Kuningan - Ratusan ciri khas kesenian dan kebudayaan kota Kuningan, Jawa Barat, terancam punah. Hal itu dikarenakan kurangnya pemerintah setempat dalam mempromosikan pariwisata daerah tersebut.
Maka dalam memperingati hari jadi Kota Kuningan, Jawa Barat, yang ke-513, Kementerian Kebudayaan dan Pariwisata (Kemenbudpar) mendukung langkah Dinas Kebudayaan dan Pariwisata setempat, menggelar Pekan Budaya, Seni dan Film di Kuningan mulai 22-24 September 2011.
Lingkup kegiatan ini secara garis besar meliputi empat bidang substansi yaitu pameran, lomba, pagelaran dan dialog. Menurut Dirjen Nilai Budaya, Seni dan Film (NBSF) Kemenbudpar Ukus Kuswara, rangkaian acara ini bertujuan mengenalkan kembali kekayaan budaya Kuningan pada masyarakat.
“Saat ini ada 150 kesenian, yang sebagian terancam punah. Kalau dibiarkan begitu saja. Maka Kuningan akan kehilangan jati dirinya,” ujar Ukus saat dialog Pekan Budaya, Seni dan Film di pendopo Kabupaten Kuningan, akhir pekan lalu.
Menurutnya, ada 3 faktor kunci melestarikan seni tradisi yakni inventarisasi, dokumentasi dan publikasi. Inventarisasi dan dokumentasi, bisa dikerjakan oleh Dinas Kebudayaan dan Pariwisata (Kadis Budpar) atau Badan Pelestarian Seni dan Nilai Tradisional (BPSNT) setempat.
Sementara publikasi, pemerintah bisa menjalin hubungan baik dengan media massa. Dan yang tak kalah penting untuk regenerasi, kurikulum pendidikan harus memperbanyak ruang berekspresi dan berkesenian. Dikatakan, jika masyarakat Kuningan aktif mengembangkan kesenian daerah, efek positifnya akan dirasakan dengan terciptanya industri pariwisata.
Jika masyarakat Kuningan aktif mengembangkan kesenian daerah, efek positifnya akan dirasakan dengan terciptanya industri pariwisata. Satu daerah tak akan maju jika budaya setempat tidak berkembang. Karena itu, seni tradisinya harus diperkuat sebagai daya tarik.
Selain juga daya tarik alam yang sudah dimiliki Kuningan. Bupati Kuningan Aang Hamid Suganda, mennuturkan Kuningan memiliki harta karun kebudayaan angklung diatonis yang dikembangkan Daeng Soetigna. Pada saat perjanjian Linggarjati, tahun 1946, Daeng Soetigna mengembangkan angklung pentatonis (do, re, mi, so, la) menjadi diatonis (do, re, mi, fa, sol, la, si, do).

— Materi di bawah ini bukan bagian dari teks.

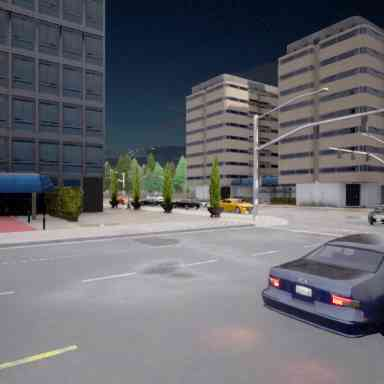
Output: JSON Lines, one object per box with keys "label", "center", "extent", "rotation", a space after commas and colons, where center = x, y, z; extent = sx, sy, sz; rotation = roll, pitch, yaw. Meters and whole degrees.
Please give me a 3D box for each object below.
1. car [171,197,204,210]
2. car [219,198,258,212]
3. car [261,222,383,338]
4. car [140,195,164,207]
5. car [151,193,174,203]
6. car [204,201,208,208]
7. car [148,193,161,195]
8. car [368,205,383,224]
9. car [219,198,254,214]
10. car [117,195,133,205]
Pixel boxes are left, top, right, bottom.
{"label": "car", "center": [-0.865, 1.601, 43.641], "extent": [1.895, 1.301, 4.718], "rotation": [0, 0, -35]}
{"label": "car", "center": [5.594, 1.505, 40.521], "extent": [1.837, 1.490, 4.892], "rotation": [0, 0, -35]}
{"label": "car", "center": [3.750, 1.547, 6.496], "extent": [5.357, 1.411, 2.033], "rotation": [0, 0, -35]}
{"label": "car", "center": [-6.138, 1.601, 51.174], "extent": [1.895, 1.301, 4.718], "rotation": [0, 0, -35]}
{"label": "car", "center": [-6.254, 1.222, 69.912], "extent": [2.150, 2.045, 5.566], "rotation": [0, 0, -35]}
{"label": "car", "center": [0.282, 1.491, 48.105], "extent": [2.128, 1.511, 4.902], "rotation": [0, 0, -35]}
{"label": "car", "center": [-5.783, 1.221, 56.788], "extent": [2.150, 2.045, 5.566], "rotation": [0, 0, -34]}
{"label": "car", "center": [13.802, 1.491, 22.485], "extent": [4.902, 1.511, 2.128], "rotation": [0, 0, -36]}
{"label": "car", "center": [4.495, 1.478, 35.987], "extent": [1.882, 1.535, 5.008], "rotation": [0, 0, -35]}
{"label": "car", "center": [-11.976, 1.352, 59.577], "extent": [2.097, 1.767, 4.553], "rotation": [0, 0, -35]}
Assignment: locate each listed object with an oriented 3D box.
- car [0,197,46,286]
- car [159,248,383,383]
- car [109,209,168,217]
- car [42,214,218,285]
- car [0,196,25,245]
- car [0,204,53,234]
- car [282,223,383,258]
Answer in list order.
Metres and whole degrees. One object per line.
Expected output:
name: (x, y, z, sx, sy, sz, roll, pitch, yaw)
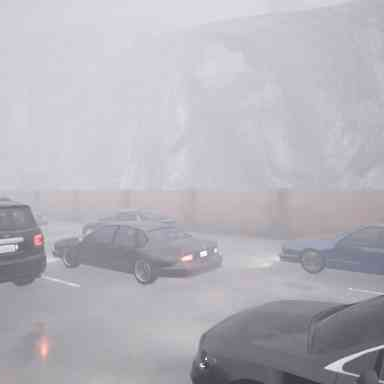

“Cikal bakal angklung diatonis dikembangkan di Kuningan. Secara historis, Kuningan punya semangat berkesenian. Saya punya misi menjadikan Kuningan menjadi Kabupaten Angklung, dengan mendirikan museum angklung. Saya memiliki keoptimisan yang tinggi bahwa Kuningan akan besar. Selain potensi alamnya, dari segi sumber daya manusianya dengan cepat bisa beradaptasi,” ucap dia. [H-15]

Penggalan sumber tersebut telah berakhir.